Devlet Bahçeli’nin çağrısı Kürt’ü, Türk’ü ile doğrudan millete
Türkiye, 1 Ekim’de TBMM’nin açılışı ile başlayan ve MHP lideri Devlet Bahçeli’nin şahsında somutlaşan yeni bir siyasi iklime girdi. Alışılagelen siyasi paradigmaların dışında, ezber bozan, müesses siyasal önyargıları bitiren bu iklimin oluşturduğu şok etkisi iki ayı aşkın süredir devam ediyor.
MHP lideri Devlet Bahçeli’nin adım adım ilerlettiği süreç, Türkiye Cumhuriyeti devlet aklının himayesinde, geriye dönük yapılan muhasebenin, sebepler ve sonuçlar üzerinden hareketle belirlenen terörsüz Türkiye idealini gerçekleştirmeye matuf bir vizyondur.

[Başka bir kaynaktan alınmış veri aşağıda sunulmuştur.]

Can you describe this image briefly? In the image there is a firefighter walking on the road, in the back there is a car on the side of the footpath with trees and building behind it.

Bu vizyonun ilk adımı “iç cepheyi tahkim” etmektir. Terör eylemleri ve bölücülük faaliyetleri emperyalist güçler ve içerideki uzantıları tarafından desteklendi. Kürt ve Kürtçe denince akla PKK terör örgütü, bölücülük gelsin istediler. Bunu da büyük bir oranda başardılar. Lazca şarkıları hep bir ağızdan söylenirken, Kürtçe şarkılar terörü ve bölücülüğü çağrıştırdı. Toplumsal baskılar ve algılar yerleştikçe mesafeler açıldı. Etkiye tepki ayrışmalar, düşmanlıklar beslendi. Bir yüzyılımızı heba ettik.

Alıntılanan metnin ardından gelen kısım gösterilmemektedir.